Steroids, and especially anabolic steroids, are widely used to promote the growth of cattle and other food animals. Such growth promotion is desirable among food producers because it maximizes the weight gain per animal per amount of food consumed.
Currently, steroid products are usually supplied to the animal in the form of a non-biodegradable, implantable steroid time-release pellet which is placed in the ear skin, part of the animal which is discarded upon slaughter. Such delivery systems have been recently reviewed (Sawyer, G. J., et al., Austral. Vet. J. 65:101-108 (1988). The pellet systems cannot provide a pulsed dose of steroid and are often reimplanted two or three times throughout the life of the animal with each implant being administered by a specially designed injector gun.
The use of pellet delivery systems has not met with complete success and they have many disadvantages. The main health concern is that misuse of the non-degradable pellet system may result in harmful levels of such steroids in the meat provided to consumers. Such misuse may arise if the pellet is misplaced. For example, if the pellet is misplaced in the neck or behind the ear instead of in the ear skin, the possibility is raised that the remains of the pellet could be ingested by the consumer. Also, a farmer may mistakenly inject more than one pellet at a time. Also, the pellets are often not successfully implanted and fall to the ground in the treatment pen.
Disadvantages of the currently available pellet implants further include their inability to allow for combination of different drugs with highly controlled release rates in the same unit, and the fact that only 40-70% of the active agent is released. Lastly, commercial implants do not offer a capability in adjusting the duration of action and because of the nondegradable polymeric excipient and the relatively low total surface area of the pellets, it is very difficult to adjust the dosage of the active agent.
Compudose.RTM. is a polymeric controlled release implant device for use with beef cattle which is designed to provide for the continuous delivery of estradiol-17.beta. for 200 or 400 days (Ferguson, T. H. et al., J. Cont. Rel 8:45-54 (1988)). The compudose.RTM. implant is made by coating a nonmedicated silicone rubber core with a thin layer of silicone runner which contains micronized crystalline estradiol-17.beta.. However, the device is not biodegradable.
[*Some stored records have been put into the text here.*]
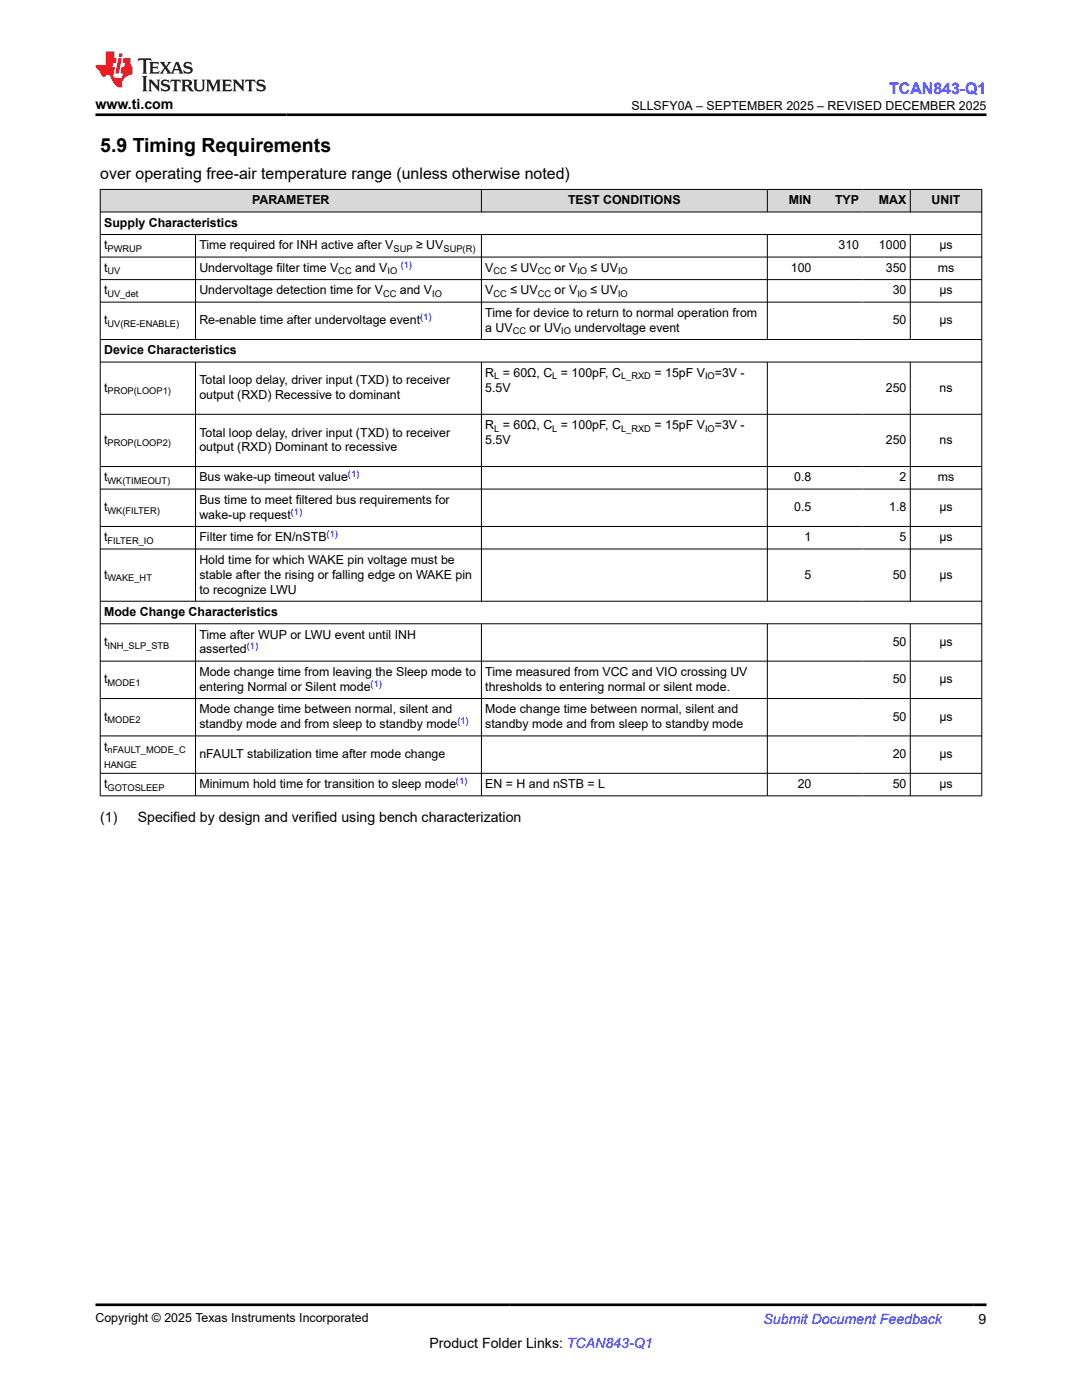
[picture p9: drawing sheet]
<svg xmlns="http://www.w3.org/2000/svg" width="216mm" height="279mm" viewBox="0 0 216 279" stroke-linecap="round" stroke-linejoin="round" font-family="sans-serif">
<defs><g id="words">
<text font-size="3.9" x="20" y="30.3">5.9 Timing Requirements</text>
<text font-size="3.2" fill="#00f" x="177.4" y="18.7">TCAN843-Q1</text>
<text font-size="3.2" x="20" y="35.7">over operating free-air temperature range (unless otherwise noted)</text>
<g font-size="2.8">
<text x="19" y="21.8">www.ti.com</text>
<text x="20" y="164">(1)</text>
<text x="27.5" y="164">Specified by design and verified using bench characterization</text>
<text x="85.7" y="269">Product Folder Links: TCAN843-Q1</text>
<text x="195.3" y="264.2">9</text>
</g>
<text font-size="2.8" fill="#00f" x="152.4" y="264.2">Submit Document Feedback</text>
<g font-size="2.5">
<text x="126" y="21.9">SLLSFY0A – SEPTEMBER 2025 – REVISED DECEMBER 2025</text>
<text x="50.3" y="40.8">PARAMETER</text>
<text x="113.3" y="40.8">TEST CONDITIONS</text>
<text x="157.4" y="40.8">MIN</text>
<text x="166.6" y="40.8">TYP</text>
<text x="175.4" y="40.8">MAX</text>
<text x="185.9" y="40.8">UNIT</text>
<text x="20.8" y="45.3">Supply Characteristics</text>
<text x="20.8" y="49.8">t</text>
<text x="39.8" y="49.8">Time required for INH active after V</text>
<text x="83" y="49.8">≥ UV</text>
<text x="167.3" y="49.8">310</text>
<text x="175.4" y="49.8">1000</text>
<text x="187.4" y="49.8">µs</text>
<text x="20.8" y="54.3">t</text>
<text x="20.8" y="58.8">t</text>
<text x="39.8" y="54.3">Undervoltage filter time V</text>
<text x="39.8" y="58.8">Undervoltage detection time for V</text>
<text x="70.9" y="54.3">and V</text>
<text x="79.8" y="58.8">and V</text>
<text x="96.8" y="54.3">V</text>
<text x="96.8" y="58.8">V</text>
<text x="101.8" y="54.3">≤ UV</text>
<text x="101.8" y="58.8">≤ UV</text>
<text x="110.7" y="54.3">or V</text>
<text x="110.7" y="58.8">or V</text>
<text x="117.8" y="54.3">≤ UV</text>
<text x="117.8" y="58.8">≤ UV</text>
<text x="157.8" y="54.3">100</text>
<text x="176.8" y="54.3">350</text>
<text x="178.1" y="58.8">30</text>
<text x="187.1" y="54.3">ms</text>
<text x="187.4" y="58.8">µs</text>
<text x="20.8" y="64.7">t</text>
<text x="39.8" y="64.7">Re-enable time after undervoltage event</text>
<text x="96.8" y="63.3">Time for device to return to normal operation from</text>
<text x="178.1" y="64.7">50</text>
<text x="187.4" y="64.7">µs</text>
<text x="20.8" y="70.7">Device Characteristics</text>
<text x="96.8" y="66.2">a UV</text>
<text x="105.7" y="66.2">or UV</text>
<text x="114.6" y="66.2">undervoltage event</text>
<text x="39.8" y="76.7">Total loop delay, driver input (TXD) to receiver</text>
<text x="96.8" y="75.2">R = 60Ω, C = 100pF, C</text>
<text x="130.6" y="75.2">= 15pF V</text>
<text x="142.6" y="75.2">=3V -</text>
<text x="20.8" y="78.2">t</text>
<text x="39.8" y="79.7">output (RXD) Recessive to dominant</text>
<text x="96.8" y="78.2">5.5V</text>
<text x="176.8" y="78.2">250</text>
<text x="187.5" y="78.2">ns</text>
<text x="20.8" y="88.6">t</text>
<text x="39.8" y="87.1">Total loop delay, driver input (TXD) to receiver</text>
<text x="96.8" y="88.6">5.5V</text>
<text x="96.8" y="85.6">R = 60Ω, C = 100pF, C</text>
<text x="130.6" y="85.6">= 15pF V</text>
<text x="142.6" y="85.6">=3V -</text>
<text x="176.8" y="88.6">250</text>
<text x="187.5" y="88.6">ns</text>
<text x="39.8" y="90.1">output (RXD) Dominant to recessive</text>
<text x="20.8" y="96.1">t</text>
<text x="39.8" y="96.1">Bus wake-up timeout value</text>
<text x="39.8" y="100.6">Bus time to meet filtered bus requirements for</text>
<text x="158.5" y="96.1">0.8</text>
<text x="179.5" y="96.1">2</text>
<text x="187.1" y="96.1">ms</text>
<text x="20.8" y="102">t</text>
<text x="39.8" y="103.5">wake-up request</text>
<text x="158.5" y="102">0.5</text>
<text x="177.4" y="102">1.8</text>
<text x="187.4" y="102">µs</text>
<text x="20.8" y="108">t</text>
<text x="39.8" y="108">Filter time for EN/nSTB</text>
<text x="39.8" y="112.5">Hold time for which WAKE pin voltage must be</text>
<text x="160.5" y="108">1</text>
<text x="179.5" y="108">5</text>
<text x="187.4" y="108">µs</text>
<text x="20.8" y="115.5">t</text>
<text x="39.8" y="115.5">stable after the rising or falling edge on WAKE pin</text>
<text x="39.8" y="118.5">to recognize LWU</text>
<text x="160.5" y="115.5">5</text>
<text x="178.1" y="115.5">50</text>
<text x="187.4" y="115.5">µs</text>
<text x="20.8" y="122.9">Mode Change Characteristics</text>
<text x="20.8" y="128.9">t</text>
<text x="39.8" y="127.4">Time after WUP or LWU event until INH</text>
<text x="39.8" y="130.4">asserted</text>
<text x="178.1" y="128.9">50</text>
<text x="187.4" y="128.9">µs</text>
<text x="20.8" y="136.4">t</text>
<text x="39.8" y="134.9">Mode change time from leaving the Sleep mode to</text>
<text x="39.8" y="137.9">entering Normal or Silent mode</text>
<text x="96.8" y="134.9">Time measured from VCC and VIO crossing UV</text>
<text x="96.8" y="137.9">thresholds to entering normal or silent mode.</text>
<text x="178.1" y="136.4">50</text>
<text x="187.4" y="136.4">µs</text>
<text x="20.8" y="143.9">t</text>
<text x="39.8" y="142.4">Mode change time between normal, silent and</text>
<text x="96.8" y="142.4">Mode change time between normal, silent and</text>
<text x="178.1" y="143.9">50</text>
<text x="187.4" y="143.9">µs</text>
<text x="20.8" y="149.8">t</text>
<text x="39.8" y="145.3">standby mode and from sleep to standby mode</text>
<text x="96.8" y="145.3">standby mode and from sleep to standby mode</text>
<text x="39.8" y="151.3">nFAULT stabilization time after mode change</text>
<text x="178.1" y="151.3">20</text>
<text x="187.4" y="151.3">µs</text>
<text x="20.8" y="157.3">t</text>
<text x="39.8" y="157.3">Minimum hold time for transition to sleep mode</text>
<text x="96.8" y="157.3">EN = H and nSTB = L</text>
<text x="159.2" y="157.3">20</text>
<text x="178.1" y="157.3">50</text>
<text x="187.4" y="157.3">µs</text>
<text x="19" y="263.9">Copyright © 2025 Texas Instruments Incorporated</text>
</g>
<g font-size="1.9">
<text x="21.5" y="50.3">PWRUP</text>
<text x="78.5" y="50.3">SUP</text>
<text x="88.5" y="50.3">SUP(R)</text>
<text x="21.5" y="54.8">UV</text>
<text x="21.5" y="59.3">UV_det</text>
<text x="67.5" y="54.8">CC</text>
<text x="76.4" y="59.3">CC</text>
<text x="77.3" y="54.8">IO</text>
<text x="86.2" y="59.3">IO</text>
<text x="98.5" y="54.8">CC</text>
<text x="98.5" y="59.3">CC</text>
<text x="107.3" y="54.8">CC</text>
<text x="107.3" y="59.3">CC</text>
<text x="115.2" y="54.8">IO</text>
<text x="115.2" y="59.3">IO</text>
<text x="123.3" y="54.8">IO</text>
<text x="123.3" y="59.3">IO</text>
<text x="21.5" y="65.2">UV(RE-ENABLE)</text>
<text x="102.3" y="66.7">CC</text>
<text x="112" y="66.7">IO</text>
<text x="98.6" y="75.7">L</text>
<text x="110.2" y="75.7">L</text>
<text x="123.9" y="75.7">L_RXD</text>
<text x="140.7" y="75.7">IO</text>
<text x="21.5" y="78.7">PROP(LOOP1)</text>
<text x="21.5" y="89.1">PROP(LOOP2)</text>
<text x="98.6" y="86.1">L</text>
<text x="110.2" y="86.1">L</text>
<text x="123.9" y="86.1">L_RXD</text>
<text x="140.7" y="86.1">IO</text>
<text x="21.5" y="96.6">WK(TIMEOUT)</text>
<text x="21.5" y="102.5">WK(FILTER)</text>
<text x="21.5" y="108.5">FILTER_IO</text>
<text x="21.5" y="116">WAKE_HT</text>
<text x="21.5" y="129.4">INH_SLP_STB</text>
<text x="21.5" y="136.9">MODE1</text>
<text x="21.5" y="144.3">MODE2</text>
<text x="20.8" y="153.3">HANGE</text>
<text x="21.5" y="150.3">nFAULT_MODE_C</text>
<text x="21.5" y="157.8">GOTOSLEEP</text>
</g>
<g font-size="1.9" fill="#00f">
<text x="80" y="53.4">(1)</text>
<text x="83.8" y="63.9">(1)</text>
<text x="69.4" y="95.2">(1)</text>
<text x="58" y="102.7">(1)</text>
<text x="65.2" y="107.2">(1)</text>
<text x="49.3" y="129.6">(1)</text>
<text x="74" y="137">(1)</text>
<text x="91.3" y="144.5">(1)</text>
<text x="91" y="156.5">(1)</text>
</g>
</g></defs>
<g fill="#d8d8d8">
<path d="M20 37.8h175.9v4.5h-175.9z" fill-rule="evenodd"/>
<path d="M20.1 37.9h75.9v4.3h-75.9z" fill-rule="evenodd"/>
<path d="M96.1 37.9h57v4.3h-57z" fill-rule="evenodd"/>
<path d="M153.2 37.9h9.4v4.3h-9.4z" fill-rule="evenodd"/>
<path d="M162.6 37.9h9.5v4.3h-9.5z" fill-rule="evenodd"/>
<path d="M172.1 37.9h9.5v4.3h-9.5z" fill-rule="evenodd"/>
<path d="M181.7 37.9h14.1v4.3h-14.1z" fill-rule="evenodd"/>
</g>
<g fill="none" stroke="#000" stroke-width=".2">
<path d="M19.9 37.8h176.1M20 37.7v121.2M96.1 37.7v4.7M153.1 37.7v4.7M181.6 37.7v4.7M195.9 37.7v121.2M19.9 42.3h176.1M19.9 46.8h176.1M19.9 51.3h176.1M19.9 55.8h176.1M39 46.8v21M96.1 46.8v21"/>
<path d="M153.1 46.8v21M181.6 46.8v21M19.9 60.3h176.1M19.9 67.8h176.1M19.9 72.3h176.1M39 72.3v47.8M96.1 72.3v47.8M153.1 72.3v47.8M181.6 72.3v47.8M19.9 82.7h176.1M19.9 93.1h176.1M19.9 97.6h176.1"/>
<path d="M19.9 105.1h176.1M19.9 109.6h176.1M19.9 120h176.1M19.9 124.5h176.1M19.9 131.9h176.1M19.9 139.4h176.1M39 124.5v34.4M96.1 124.5v34.4M153.1 124.5v34.4M181.6 124.5v34.4M19.9 146.9h176.1M19.9 154.3h176.1"/>
<path d="M19.9 158.8h176.1"/>
</g>
<path d="M27.7 11.6l-.2 .6 .5-.2h.6v.1v2.2l-.2 .4h1l-.2-.4v-2.2v-.1h.5l.5 .2-.1-.6zM29.8 12.4l.2 .3v1.6l-.2 .4h1.9l.1-.6a1.08 1.08 0 0 1-1.3 .2v-.7h.6l.4 .2v-.7l-.4 .2h-.6v-.5l.2-.2a1 1 0 0 1 1 .3l-.1-.5zM31.8 12.4l1 1.1-1 1.2h.9l-.2-.2 .4-.8 .5 .8-.2 .2h1.6l-.2-.2 .1-.5h1l.1 .5-.1 .2h.9l-.2-.4-.8-1.9h-.5l-1 2.1-.8-1.1 .9-1h-.8l.2 .2-.5 .6-.3-.6 .1-.2zM35.2 12.8l.4 1h-.8zM36.8 12.5a.65 .65 0 0 0-.2 .7 .65 .65 0 0 0 .6 .5l.7 .1 .1 .3a.79 .79 0 0 1-.7 .4 .79 .79 0 0 1-.7-.5l.1 .7 .2-.1a.93 .93 0 0 0 1.1 0 .93 .93 0 0 0 .4-.9 1.46 1.46 0 0 0-1.2-.6l-.1-.3a1.09 1.09 0 0 1 1.2 .2l-.2-.6-.1 .1-.6-.2zM28.4 15.2l.2 .4v2.2l-.2 .4h1l-.2-.4v-2.2l.2-.4zM29.6 15.9l.2 .4v1.5l-.2 .4h.8l-.3-.4v-1.3l1.7 1.8v-2l.2-.4h-.8l.2 .2 .1 1.1-1.2-1.3zM32.3 16a.65 .65 0 0 0-.2 .8 .65 .65 0 0 0 .7 .4l.6 .2 .1 .2a.79 .79 0 0 1-.7 .4 .79 .79 0 0 1-.7-.5l.1 .7 .2-.1a.93 .93 0 0 0 1.1 .1 .93 .93 0 0 0 .4-1 1.46 1.46 0 0 0-1.2-.5l-.1-.4a1.09 1.09 0 0 1 1.2 .2l-.2-.6-.1 .1-.6-.1zM34.1 15.9l-.1 .6a.63 .63 0 0 1 .7-.3l.1 1.6-.3 .4h1l-.2-.4v-1.6a.66 .66 0 0 1 .8 .3l-.1-.6zM36.2 15.9l.2 .4v1.5l-.2 .4h.9l-.2-.2v-.7h.5l.1 .2a.79 .79 0 0 0 1.2 .6l-1-.9a.61 .61 0 0 0 .6-.6 .61 .61 0 0 0-.5-.7zM36.9 16.2h.2a.47 .47 0 0 1 .5 .1 .47 .47 0 0 1 .1 .5l-.2 .1-.6 .1zM38.5 15.9l.2 .2a2.27 2.27 0 0 0 .4 2 1.04 1.04 0 0 0 1.7-.7v-1.3l.2-.2h-.8l.2 .4v1.1a.6 .6 0 0 1-.6 .6 .6 .6 0 0 1-.6-.6v-1.1l.3-.4zM41.1 15.9l.2 .4v1.5l-.2 .4h.7l-.2-.4v-1.4l.9 1.9 .8-1.9v1.4l-.2 .4h1l-.3-.4v-1.5l.3-.4h-.8l-.7 1.5-.7-1.5zM44.3 15.9l.2 .4v1.5l-.2 .4h1.9l.1-.6a1.09 1.09 0 0 1-1.3 .2v-.7h.6l.4 .2v-.6l-.4 .2h-.6v-.6l.2-.1a1.01 1.01 0 0 1 1 .3l-.1-.6zM46.4 15.9l.3 .4v1.5l-.3 .4h.8l-.2-.4v-1.3l1.6 1.8v-2l.2-.4h-.7l.2 .2v1.1l-1.2-1.3zM49 15.9l-.1 .6a.63 .63 0 0 1 .8-.3v1.6l-.3 .4h1l-.2-.4v-1.6a.66 .66 0 0 1 .8 .3l-.1-.6zM51.4 16a.65 .65 0 0 0-.2 .8 .65 .65 0 0 0 .6 .4l.6 .2 .2 .2a.79 .79 0 0 1-.8 .4 .79 .79 0 0 1-.6-.5l.1 .7 .2-.1a.93 .93 0 0 0 1 .1 .93 .93 0 0 0 .5-1 1.46 1.46 0 0 0-1.3-.5l-.1-.4a1.09 1.09 0 0 1 1.3 .2l-.2-.6-.2 .1-.5-.1z" fill="#231f20"/>
<path d="M21.1 10.3v2.7h-2.1l.1 .4 .9 1a.95 .95 0 0 0 .9 .9 .59 .59 0 0 1 .6-.4 .59 .59 0 0 1 .5 .3l.4 .8a1.59 1.59 0 0 0 2.1 1.4 1.61 1.61 0 0 1 1-2.3l1-.3-.1-1.5a1.59 1.59 0 0 1-.4-1.7h-1.4l-.2 .9h.5l-.1 .9h-.5l-.2 .9v.3l.4 .1-.2 .9h-.6a.73 .73 0 0 1-1.1-.7l.3-1.5h-.5l.2-.9h.5l.2-.9h-.5v-1.3zM23.6 11.6l-.6 3.1h.7l.6-3.1zM23.8 10.7l-.1 .6h.7l.1-.6z" fill="#ed1c24"/>
<path d="M19 22.9h177.8M19 260.4h177.8" fill="none" stroke="#000" stroke-width=".53"/>
<use href="#words"/>
</svg>

Biodegradable particles for use in the delivery of steroid hormones have been described (U.S. Pat. No. 4,329,332, U.S. Pat. No. 4,489,055, U.S. Pat. No. 4,683,288, U.S. Pat. No. 4,677,191, U.S. Pat. No. 4,675,189, U.S. Pat. No. 4,530,840, U.S. Pat. No. 4,542,025 and U.S. Pat. No. 4,389,330.
However, none of the above references have suggested or disclosed a method of increasing animal growth by providing a biodegradable microparticle delivery of steroid growth promoters in food animals and a need exists for better, safer delivery systems for steroids in food animals.